_Task description_.
Repeat exactly the lines from the start of the material below up to and including the "29) bicycle [1665,576,1681,599]" line.

### Data shown

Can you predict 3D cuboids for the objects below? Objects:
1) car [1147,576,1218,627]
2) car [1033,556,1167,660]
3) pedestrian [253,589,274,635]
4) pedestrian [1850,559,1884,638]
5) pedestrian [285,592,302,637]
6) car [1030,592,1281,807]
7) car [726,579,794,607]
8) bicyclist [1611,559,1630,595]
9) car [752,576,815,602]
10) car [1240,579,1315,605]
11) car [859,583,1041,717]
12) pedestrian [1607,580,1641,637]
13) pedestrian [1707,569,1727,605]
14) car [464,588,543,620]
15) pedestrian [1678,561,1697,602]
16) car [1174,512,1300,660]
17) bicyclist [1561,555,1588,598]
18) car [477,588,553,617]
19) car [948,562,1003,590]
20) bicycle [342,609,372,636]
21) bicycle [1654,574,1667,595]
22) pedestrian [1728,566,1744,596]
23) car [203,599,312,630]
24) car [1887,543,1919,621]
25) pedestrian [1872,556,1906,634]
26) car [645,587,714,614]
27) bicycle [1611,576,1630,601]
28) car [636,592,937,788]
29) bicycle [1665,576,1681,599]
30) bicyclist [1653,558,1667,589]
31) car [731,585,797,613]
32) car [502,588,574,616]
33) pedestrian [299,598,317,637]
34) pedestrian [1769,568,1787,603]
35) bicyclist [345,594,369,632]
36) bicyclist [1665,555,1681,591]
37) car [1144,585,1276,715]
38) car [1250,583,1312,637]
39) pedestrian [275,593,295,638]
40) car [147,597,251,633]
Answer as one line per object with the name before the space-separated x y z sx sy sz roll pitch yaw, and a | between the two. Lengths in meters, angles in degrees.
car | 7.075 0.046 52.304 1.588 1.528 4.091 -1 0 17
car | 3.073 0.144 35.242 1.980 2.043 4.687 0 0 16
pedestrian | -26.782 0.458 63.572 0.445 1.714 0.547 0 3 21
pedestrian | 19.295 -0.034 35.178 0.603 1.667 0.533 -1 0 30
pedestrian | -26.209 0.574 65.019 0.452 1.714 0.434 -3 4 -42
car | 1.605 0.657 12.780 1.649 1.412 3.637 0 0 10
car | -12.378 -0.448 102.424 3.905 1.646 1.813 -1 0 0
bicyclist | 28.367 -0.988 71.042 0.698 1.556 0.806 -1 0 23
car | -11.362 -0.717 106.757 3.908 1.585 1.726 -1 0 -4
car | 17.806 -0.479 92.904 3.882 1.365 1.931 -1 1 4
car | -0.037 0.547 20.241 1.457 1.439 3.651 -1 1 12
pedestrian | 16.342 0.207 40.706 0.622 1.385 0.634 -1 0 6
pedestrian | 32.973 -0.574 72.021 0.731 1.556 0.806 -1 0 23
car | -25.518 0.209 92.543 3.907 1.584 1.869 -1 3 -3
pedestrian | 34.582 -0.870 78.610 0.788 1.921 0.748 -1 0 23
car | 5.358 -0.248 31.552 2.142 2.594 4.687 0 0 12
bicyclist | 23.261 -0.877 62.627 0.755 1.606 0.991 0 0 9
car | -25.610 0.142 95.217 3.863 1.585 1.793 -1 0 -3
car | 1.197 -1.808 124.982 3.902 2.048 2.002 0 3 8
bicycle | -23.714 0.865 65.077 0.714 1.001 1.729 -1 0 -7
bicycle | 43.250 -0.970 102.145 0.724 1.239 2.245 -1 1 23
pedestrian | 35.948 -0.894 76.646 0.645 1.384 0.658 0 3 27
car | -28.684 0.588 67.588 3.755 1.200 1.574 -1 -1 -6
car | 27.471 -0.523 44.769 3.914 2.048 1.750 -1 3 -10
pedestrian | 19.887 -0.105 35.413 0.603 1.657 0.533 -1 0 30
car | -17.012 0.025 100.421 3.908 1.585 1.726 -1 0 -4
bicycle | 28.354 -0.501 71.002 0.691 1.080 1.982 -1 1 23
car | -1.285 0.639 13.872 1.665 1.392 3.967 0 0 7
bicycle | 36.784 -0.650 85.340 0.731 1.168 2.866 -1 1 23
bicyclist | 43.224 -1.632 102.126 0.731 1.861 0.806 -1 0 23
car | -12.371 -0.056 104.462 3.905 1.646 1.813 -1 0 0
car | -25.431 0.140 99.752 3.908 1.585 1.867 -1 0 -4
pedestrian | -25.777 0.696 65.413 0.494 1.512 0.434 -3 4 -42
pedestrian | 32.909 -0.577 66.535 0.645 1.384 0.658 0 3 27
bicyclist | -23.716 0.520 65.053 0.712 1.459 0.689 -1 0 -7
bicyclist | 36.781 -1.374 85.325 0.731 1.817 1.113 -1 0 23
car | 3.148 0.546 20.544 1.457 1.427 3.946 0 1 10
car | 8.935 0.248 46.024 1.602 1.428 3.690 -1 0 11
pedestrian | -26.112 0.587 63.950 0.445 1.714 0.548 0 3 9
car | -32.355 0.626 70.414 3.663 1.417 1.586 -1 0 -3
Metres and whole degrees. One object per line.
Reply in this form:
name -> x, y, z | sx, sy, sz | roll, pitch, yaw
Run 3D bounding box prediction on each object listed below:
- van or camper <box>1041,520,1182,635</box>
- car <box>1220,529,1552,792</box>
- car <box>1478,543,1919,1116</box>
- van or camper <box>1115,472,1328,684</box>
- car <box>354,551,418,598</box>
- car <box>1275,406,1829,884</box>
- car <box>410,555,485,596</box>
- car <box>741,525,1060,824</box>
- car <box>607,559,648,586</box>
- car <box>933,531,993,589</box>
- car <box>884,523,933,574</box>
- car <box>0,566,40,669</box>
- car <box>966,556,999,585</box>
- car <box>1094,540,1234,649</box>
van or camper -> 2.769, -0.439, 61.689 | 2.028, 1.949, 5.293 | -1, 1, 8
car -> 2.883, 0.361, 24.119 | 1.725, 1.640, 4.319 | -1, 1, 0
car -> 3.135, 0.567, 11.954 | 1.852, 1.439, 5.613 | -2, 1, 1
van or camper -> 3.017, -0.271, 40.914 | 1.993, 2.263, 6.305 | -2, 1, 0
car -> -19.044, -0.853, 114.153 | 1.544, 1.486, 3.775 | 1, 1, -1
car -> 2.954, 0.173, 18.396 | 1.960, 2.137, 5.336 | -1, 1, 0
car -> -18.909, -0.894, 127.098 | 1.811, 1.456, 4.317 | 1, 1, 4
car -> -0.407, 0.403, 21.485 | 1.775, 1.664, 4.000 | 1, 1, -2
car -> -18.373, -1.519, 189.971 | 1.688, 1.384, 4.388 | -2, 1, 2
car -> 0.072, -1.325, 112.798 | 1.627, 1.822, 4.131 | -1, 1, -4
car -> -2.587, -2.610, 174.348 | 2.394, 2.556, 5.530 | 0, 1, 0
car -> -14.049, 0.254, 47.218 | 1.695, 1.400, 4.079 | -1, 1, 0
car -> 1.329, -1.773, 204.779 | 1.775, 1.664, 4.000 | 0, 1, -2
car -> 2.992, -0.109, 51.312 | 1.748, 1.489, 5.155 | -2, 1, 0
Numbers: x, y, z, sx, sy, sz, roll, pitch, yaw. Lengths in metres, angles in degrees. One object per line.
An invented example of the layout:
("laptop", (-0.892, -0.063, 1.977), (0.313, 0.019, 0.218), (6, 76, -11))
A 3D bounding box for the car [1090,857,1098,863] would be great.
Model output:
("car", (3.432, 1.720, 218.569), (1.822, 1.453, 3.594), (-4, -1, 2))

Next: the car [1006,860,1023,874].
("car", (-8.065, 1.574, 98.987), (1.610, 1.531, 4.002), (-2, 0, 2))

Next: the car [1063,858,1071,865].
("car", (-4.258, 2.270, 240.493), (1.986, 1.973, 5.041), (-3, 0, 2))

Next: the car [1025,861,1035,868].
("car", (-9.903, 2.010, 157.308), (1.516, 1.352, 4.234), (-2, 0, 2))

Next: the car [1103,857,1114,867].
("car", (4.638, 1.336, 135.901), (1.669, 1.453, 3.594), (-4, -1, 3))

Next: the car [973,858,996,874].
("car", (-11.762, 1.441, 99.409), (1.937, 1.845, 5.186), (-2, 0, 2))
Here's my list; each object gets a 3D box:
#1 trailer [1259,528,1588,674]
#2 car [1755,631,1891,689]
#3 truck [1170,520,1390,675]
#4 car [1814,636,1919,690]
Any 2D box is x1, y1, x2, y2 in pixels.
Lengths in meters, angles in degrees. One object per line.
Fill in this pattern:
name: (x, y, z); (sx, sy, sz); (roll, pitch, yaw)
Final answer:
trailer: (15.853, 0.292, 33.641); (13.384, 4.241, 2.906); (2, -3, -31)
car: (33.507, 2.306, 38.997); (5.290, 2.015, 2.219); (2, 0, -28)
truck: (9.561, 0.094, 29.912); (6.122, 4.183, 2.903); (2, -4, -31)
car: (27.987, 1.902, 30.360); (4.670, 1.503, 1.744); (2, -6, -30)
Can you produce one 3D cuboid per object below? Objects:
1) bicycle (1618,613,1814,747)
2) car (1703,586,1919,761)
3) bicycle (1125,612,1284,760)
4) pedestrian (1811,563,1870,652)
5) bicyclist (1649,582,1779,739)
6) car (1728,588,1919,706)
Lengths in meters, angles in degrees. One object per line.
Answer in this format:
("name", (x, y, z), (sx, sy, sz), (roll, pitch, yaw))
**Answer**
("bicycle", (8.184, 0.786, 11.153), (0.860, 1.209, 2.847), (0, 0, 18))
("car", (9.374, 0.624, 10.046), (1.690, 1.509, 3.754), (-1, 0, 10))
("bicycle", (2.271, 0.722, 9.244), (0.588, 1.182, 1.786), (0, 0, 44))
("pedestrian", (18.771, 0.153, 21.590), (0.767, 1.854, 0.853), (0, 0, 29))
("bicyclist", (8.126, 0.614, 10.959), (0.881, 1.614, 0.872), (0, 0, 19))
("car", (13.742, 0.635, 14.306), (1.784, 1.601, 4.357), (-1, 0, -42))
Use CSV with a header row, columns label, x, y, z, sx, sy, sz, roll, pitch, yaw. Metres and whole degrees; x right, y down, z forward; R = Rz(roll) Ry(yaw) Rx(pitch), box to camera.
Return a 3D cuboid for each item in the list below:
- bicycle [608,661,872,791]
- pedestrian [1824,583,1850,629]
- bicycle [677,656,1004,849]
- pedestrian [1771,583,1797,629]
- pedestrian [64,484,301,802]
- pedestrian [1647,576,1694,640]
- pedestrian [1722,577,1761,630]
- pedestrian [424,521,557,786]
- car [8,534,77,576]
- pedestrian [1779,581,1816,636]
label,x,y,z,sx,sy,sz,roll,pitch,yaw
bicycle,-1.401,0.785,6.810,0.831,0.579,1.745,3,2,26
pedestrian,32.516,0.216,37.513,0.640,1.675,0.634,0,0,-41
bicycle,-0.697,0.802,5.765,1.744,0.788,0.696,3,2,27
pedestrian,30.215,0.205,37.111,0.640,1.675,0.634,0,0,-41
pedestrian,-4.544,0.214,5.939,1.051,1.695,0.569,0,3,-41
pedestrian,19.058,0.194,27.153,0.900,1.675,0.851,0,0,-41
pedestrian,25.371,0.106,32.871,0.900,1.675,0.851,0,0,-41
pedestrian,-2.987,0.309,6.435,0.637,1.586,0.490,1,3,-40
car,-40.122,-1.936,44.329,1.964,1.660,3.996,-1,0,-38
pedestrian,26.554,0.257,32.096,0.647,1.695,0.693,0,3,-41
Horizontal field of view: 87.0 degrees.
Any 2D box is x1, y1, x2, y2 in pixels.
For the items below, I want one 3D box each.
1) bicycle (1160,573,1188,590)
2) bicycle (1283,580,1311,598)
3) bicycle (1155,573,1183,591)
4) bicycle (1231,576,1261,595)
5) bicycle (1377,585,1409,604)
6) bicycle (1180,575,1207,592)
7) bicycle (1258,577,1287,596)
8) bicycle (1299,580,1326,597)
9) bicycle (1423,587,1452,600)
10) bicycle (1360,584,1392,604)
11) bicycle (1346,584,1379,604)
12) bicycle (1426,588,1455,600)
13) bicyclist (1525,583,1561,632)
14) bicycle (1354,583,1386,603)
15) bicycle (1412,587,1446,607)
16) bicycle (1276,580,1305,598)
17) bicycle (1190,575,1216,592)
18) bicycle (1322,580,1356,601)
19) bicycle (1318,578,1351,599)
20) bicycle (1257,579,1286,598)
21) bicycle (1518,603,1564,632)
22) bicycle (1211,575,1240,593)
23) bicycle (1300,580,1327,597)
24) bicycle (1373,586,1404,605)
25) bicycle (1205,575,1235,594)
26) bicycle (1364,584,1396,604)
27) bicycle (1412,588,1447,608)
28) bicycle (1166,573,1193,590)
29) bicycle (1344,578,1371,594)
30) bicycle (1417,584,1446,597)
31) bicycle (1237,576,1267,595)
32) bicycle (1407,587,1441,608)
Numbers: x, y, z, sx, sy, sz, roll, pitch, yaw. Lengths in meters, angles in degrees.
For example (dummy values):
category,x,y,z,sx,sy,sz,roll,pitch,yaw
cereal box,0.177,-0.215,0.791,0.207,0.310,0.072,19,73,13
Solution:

######

_Your solution_.
Can you predict 3D cuboids for the objects below? Objects:
1) car [1147,576,1218,627]
2) car [1033,556,1167,660]
3) pedestrian [253,589,274,635]
4) pedestrian [1850,559,1884,638]
5) pedestrian [285,592,302,637]
6) car [1030,592,1281,807]
7) car [726,579,794,607]
8) bicyclist [1611,559,1630,595]
9) car [752,576,815,602]
10) car [1240,579,1315,605]
11) car [859,583,1041,717]
12) pedestrian [1607,580,1641,637]
13) pedestrian [1707,569,1727,605]
14) car [464,588,543,620]
15) pedestrian [1678,561,1697,602]
16) car [1174,512,1300,660]
17) bicyclist [1561,555,1588,598]
18) car [477,588,553,617]
19) car [948,562,1003,590]
20) bicycle [342,609,372,636]
21) bicycle [1654,574,1667,595]
22) pedestrian [1728,566,1744,596]
23) car [203,599,312,630]
24) car [1887,543,1919,621]
25) pedestrian [1872,556,1906,634]
26) car [645,587,714,614]
27) bicycle [1611,576,1630,601]
28) car [636,592,937,788]
29) bicycle [1665,576,1681,599]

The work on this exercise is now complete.